The best happy endings are sad
The endpoint of a utopian story can still be compromised, or non-redemptive. Just because you get the genie in the bottle doesn’t mean it won’t get back out. Classics like The Oresteia and Njal’s Saga tell the story of how societies ruled by blood feuds finally achieve peace by brokering settlements and trapping the spirit of vengeance in a system that resolves disputes without violence. But the struggle never ends—the characters by the end of those stories are just too tired and hurt to fight any more, and finally have acquired the wisdom to realize there’s got to be a better way. Peace is only really appreciated by those who have been through war, and the real secret to writing compelling stories of communities in harmony is to endow your characters with memory of the alternatives.
“We blew it, man”
The original script for Easy Rider had a happy ending. Captain America and the Cowboy ride off to their Florida paradise. The creators realized, one presumes, that was not true to the world of their story. And the ending they shot is a powerful one, an ending that kind of ended the whole idea of the Sixties with a literal bang. But there’s an untraveled third path lurking in there, in the scene where they leave the commune, watching the naive hippies planting seeds in fallow-looking ground and arguing between themselves whether the commune will make it. History argues they won’t—they will run out of resources, start fighting, have one of the founders turn into David Koresh. Failed State would argue they get on the wrong path as soon as they start planting seeds. But it’s interesting to imagine what kind of success could be possible for such an experiment, especially if it were informed by 21st century inclusivity and understanding.
In a world that feels more dystopian by the day, there’s tremendous opportunity for the reinvigoration of the utopian imagination. Not just because we need more hopeful futures to work toward. Solving the problems of craft that impede utopian storytelling can help you write your way to real artistic innovation—even if the perfection you are chasing can never be reached, in fiction or in real life.

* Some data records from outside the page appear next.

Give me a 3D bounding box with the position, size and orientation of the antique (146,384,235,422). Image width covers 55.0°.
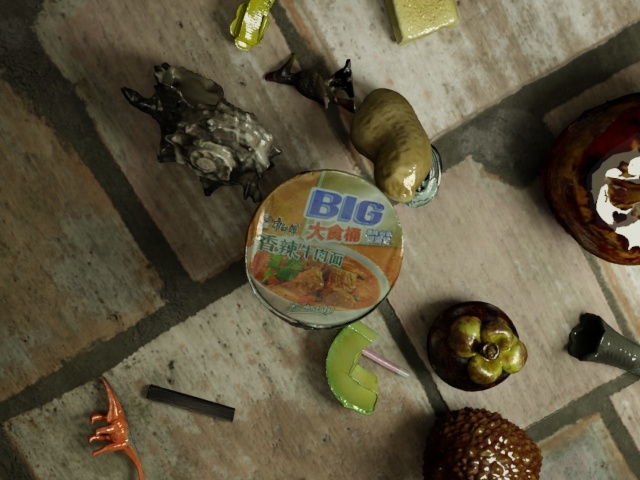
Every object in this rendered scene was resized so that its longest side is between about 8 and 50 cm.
[{"bbox_3d":[-0.277,0.351,1.324,0.192,0.015,0.031,19,97,-8],"label":"antique"}]

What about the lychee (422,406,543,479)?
[{"bbox_3d":[0.349,0.474,1.293,0.271,0.271,0.271,-1,101,-4],"label":"lychee"}]

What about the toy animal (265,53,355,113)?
[{"bbox_3d":[-0.013,-0.304,1.190,0.202,0.070,0.105,17,63,13],"label":"toy animal"}]

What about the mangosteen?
[{"bbox_3d":[0.319,0.221,1.246,0.192,0.217,0.192,0,94,-4],"label":"mangosteen"}]

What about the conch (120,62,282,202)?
[{"bbox_3d":[-0.211,-0.196,1.118,0.186,0.240,0.313,-42,88,-10],"label":"conch"}]

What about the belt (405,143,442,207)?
[{"bbox_3d":[0.192,-0.136,1.248,0.105,0.058,0.140,-3,101,-1],"label":"belt"}]

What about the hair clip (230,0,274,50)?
[{"bbox_3d":[-0.118,-0.441,1.153,0.072,0.046,0.173,11,122,-30],"label":"hair clip"}]

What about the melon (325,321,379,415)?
[{"bbox_3d":[0.072,0.261,1.297,0.118,0.064,0.209,8,111,5],"label":"melon"}]

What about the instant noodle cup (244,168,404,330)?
[{"bbox_3d":[0.000,0.000,1.179,0.296,0.214,0.296,-1,101,-4],"label":"instant noodle cup"}]

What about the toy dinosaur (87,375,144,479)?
[{"bbox_3d":[-0.437,0.425,1.304,0.101,0.055,0.279,-8,99,-26],"label":"toy dinosaur"}]

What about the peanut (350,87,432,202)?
[{"bbox_3d":[0.133,-0.179,1.153,0.137,0.122,0.253,-16,57,-9],"label":"peanut"}]

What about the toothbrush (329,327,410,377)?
[{"bbox_3d":[0.073,0.228,1.327,0.286,0.020,0.025,31,105,-9],"label":"toothbrush"}]

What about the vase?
[{"bbox_3d":[0.672,0.253,1.341,0.237,0.115,0.115,24,98,-11],"label":"vase"}]

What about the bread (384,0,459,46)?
[{"bbox_3d":[0.181,-0.483,1.177,0.125,0.068,0.188,-20,102,-1],"label":"bread"}]

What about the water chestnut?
[{"bbox_3d":[0.614,-0.114,1.162,0.350,0.302,0.350,0,100,0],"label":"water chestnut"}]
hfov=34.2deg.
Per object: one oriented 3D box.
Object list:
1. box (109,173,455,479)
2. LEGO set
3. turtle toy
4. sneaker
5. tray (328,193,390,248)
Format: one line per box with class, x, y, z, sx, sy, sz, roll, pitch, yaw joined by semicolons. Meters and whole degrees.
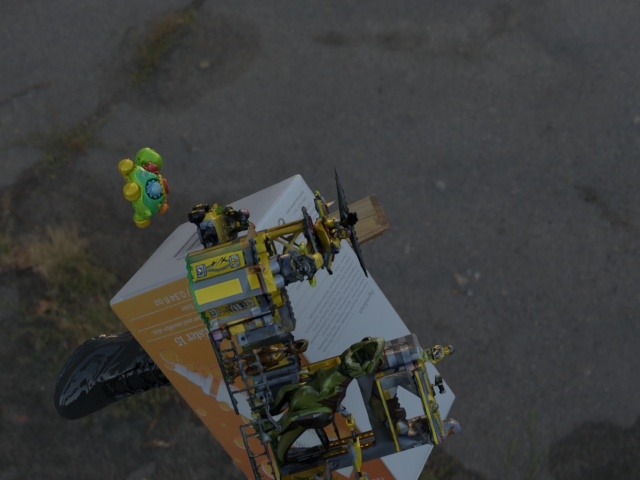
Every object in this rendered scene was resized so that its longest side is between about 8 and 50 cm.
box;-0.038;0.131;1.215;0.215;0.345;0.168;-21;23;39
LEGO set;0.023;0.102;0.912;0.192;0.255;0.332;-17;91;2
turtle toy;-0.272;-0.089;1.622;0.066;0.095;0.130;-14;56;-4
sneaker;-0.301;0.200;1.689;0.286;0.109;0.130;-36;38;-14
tray;0.000;0.000;1.963;0.202;0.411;0.076;-25;91;-5
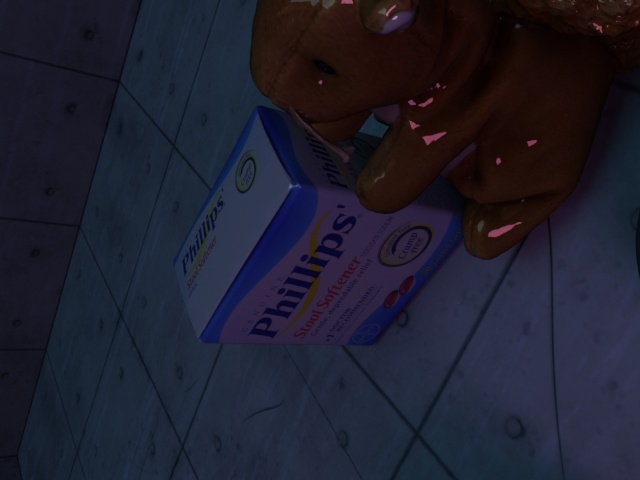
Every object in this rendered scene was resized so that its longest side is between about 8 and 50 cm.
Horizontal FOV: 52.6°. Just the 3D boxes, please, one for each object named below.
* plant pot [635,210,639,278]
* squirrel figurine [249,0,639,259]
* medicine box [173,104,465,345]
[{"bbox_3d":[0.351,0.001,0.457,0.290,0.196,0.290,-11,76,51],"label":"plant pot"},{"bbox_3d":[0.134,-0.205,0.597,0.397,0.370,0.281,-37,55,27],"label":"squirrel figurine"},{"bbox_3d":[0.000,0.000,0.838,0.263,0.289,0.149,-56,45,31],"label":"medicine box"}]
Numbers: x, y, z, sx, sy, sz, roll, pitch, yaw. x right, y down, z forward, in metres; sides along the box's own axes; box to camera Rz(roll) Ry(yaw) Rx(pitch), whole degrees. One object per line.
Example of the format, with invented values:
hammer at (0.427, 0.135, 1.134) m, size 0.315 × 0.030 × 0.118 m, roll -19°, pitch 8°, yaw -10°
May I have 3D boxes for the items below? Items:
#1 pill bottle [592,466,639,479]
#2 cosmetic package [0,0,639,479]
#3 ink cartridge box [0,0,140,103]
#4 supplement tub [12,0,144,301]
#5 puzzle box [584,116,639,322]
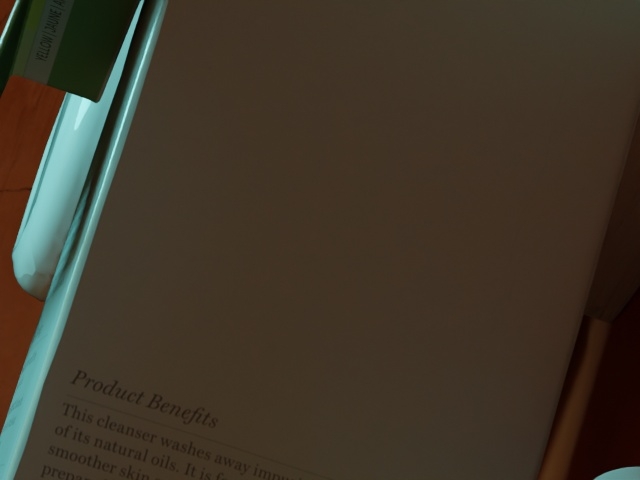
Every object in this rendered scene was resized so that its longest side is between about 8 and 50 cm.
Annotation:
pill bottle at (0.114, 0.139, 0.691) m, size 0.116 × 0.065 × 0.065 m, roll -80°, pitch 14°, yaw -47°
cosmetic package at (0.000, 0.000, 0.854) m, size 0.156 × 0.217 × 0.385 m, roll 145°, pitch 145°, yaw -74°
ink cartridge box at (-0.113, -0.100, 0.883) m, size 0.171 × 0.056 × 0.235 m, roll 130°, pitch 156°, yaw -68°
supplement tub at (-0.028, -0.018, 1.154) m, size 0.191 × 0.272 × 0.191 m, roll -160°, pitch 90°, yaw -80°
puzzle box at (0.201, -0.187, 0.887) m, size 0.272 × 0.052 × 0.409 m, roll -82°, pitch 15°, yaw -46°
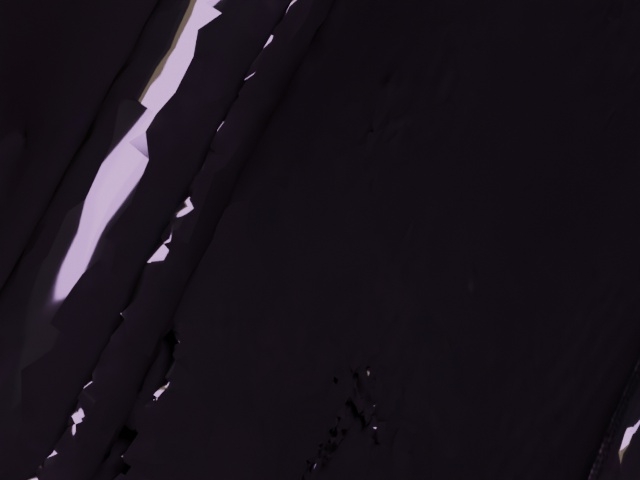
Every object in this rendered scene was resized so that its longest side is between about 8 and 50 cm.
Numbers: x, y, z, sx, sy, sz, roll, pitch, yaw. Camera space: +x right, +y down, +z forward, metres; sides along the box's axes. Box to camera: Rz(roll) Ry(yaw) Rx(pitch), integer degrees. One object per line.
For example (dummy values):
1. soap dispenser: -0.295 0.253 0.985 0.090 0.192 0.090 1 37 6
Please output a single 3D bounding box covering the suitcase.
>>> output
1. suitcase: 0.000 0.000 0.509 0.188 0.339 0.345 9 60 36
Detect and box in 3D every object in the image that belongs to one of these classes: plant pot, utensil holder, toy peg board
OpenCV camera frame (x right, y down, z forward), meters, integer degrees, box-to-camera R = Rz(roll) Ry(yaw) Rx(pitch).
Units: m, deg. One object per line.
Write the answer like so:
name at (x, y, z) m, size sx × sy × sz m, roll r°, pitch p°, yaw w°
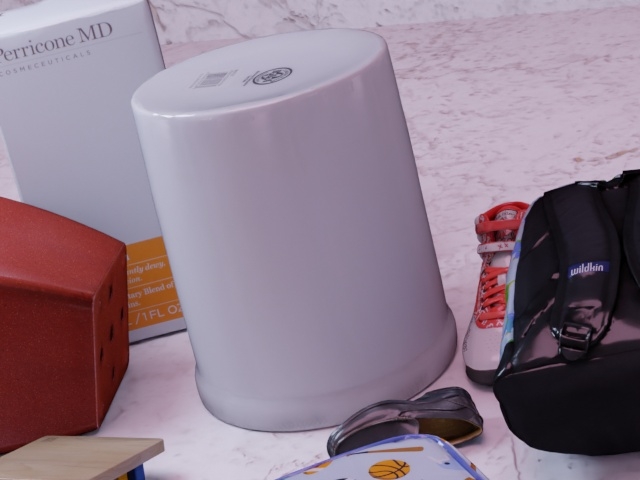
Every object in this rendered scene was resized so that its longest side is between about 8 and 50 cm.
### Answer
plant pot at (-0.369, 0.107, 1.873) m, size 0.235 × 0.267 × 0.267 m, roll 4°, pitch 23°, yaw 5°
utensil holder at (-0.028, -0.022, 1.795) m, size 0.327 × 0.385 × 0.327 m, roll -11°, pitch 22°, yaw 4°
toy peg board at (-0.274, 0.272, 1.652) m, size 0.161 × 0.079 × 0.160 m, roll -2°, pitch 8°, yaw 25°

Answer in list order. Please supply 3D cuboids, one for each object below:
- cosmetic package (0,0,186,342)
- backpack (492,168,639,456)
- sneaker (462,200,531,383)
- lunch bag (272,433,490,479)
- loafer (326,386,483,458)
cosmetic package at (-0.287, -0.095, 2.030) m, size 0.230 × 0.453 × 0.161 m, roll -15°, pitch 21°, yaw -4°
backpack at (0.324, 0.065, 1.606) m, size 0.290 × 0.273 × 0.355 m, roll -12°, pitch 43°, yaw 9°
sneaker at (0.212, 0.051, 1.800) m, size 0.090 × 0.145 × 0.270 m, roll -5°, pitch 23°, yaw 20°
lunch bag at (0.072, 0.286, 1.344) m, size 0.243 × 0.115 × 0.303 m, roll -16°, pitch 21°, yaw -14°
loafer at (0.091, 0.203, 1.611) m, size 0.170 × 0.062 × 0.061 m, roll -19°, pitch 27°, yaw -11°
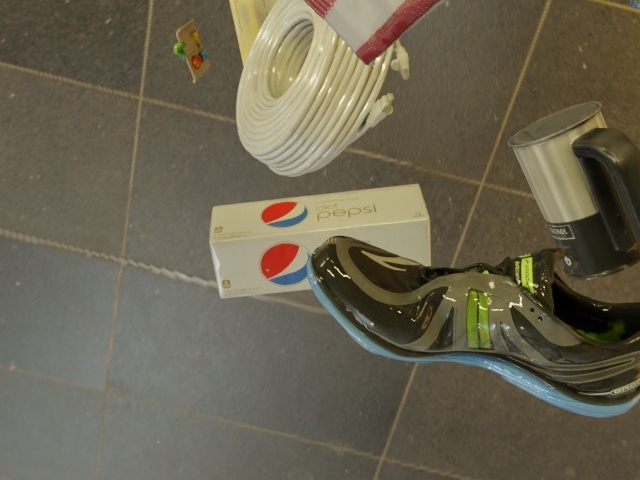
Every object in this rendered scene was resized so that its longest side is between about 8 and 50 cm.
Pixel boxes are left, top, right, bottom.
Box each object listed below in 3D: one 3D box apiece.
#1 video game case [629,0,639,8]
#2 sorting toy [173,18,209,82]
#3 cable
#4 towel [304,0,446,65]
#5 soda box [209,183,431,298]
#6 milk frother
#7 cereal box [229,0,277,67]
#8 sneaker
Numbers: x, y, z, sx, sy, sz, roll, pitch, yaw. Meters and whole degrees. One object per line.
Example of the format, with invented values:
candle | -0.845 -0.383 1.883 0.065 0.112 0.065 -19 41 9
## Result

Christopher Brown: Website
Failed State: Indiebound | Amazon | B&N | HarperCollins
ShiraDest says:
Wow, thank you for these lessons, and for all of the comparable reading.
August 18, 2020 — 7:56 PM
AD Enderly says:
Incredibly impressed by this post. As a writer constantly immersed in the ideas of utopias/dystopias and the extrapolation of the “now” to “then”, I appreciate the depth and thoughtfulness Mr. Brown put into this. Not merely a self-promotional post, he’s dug deep into the ideas behind his novel…and just earned himself another reader 🙂
And thanks to you, Mr. Wendig, for having the platform that allows other authors to disseminate their work and ideas.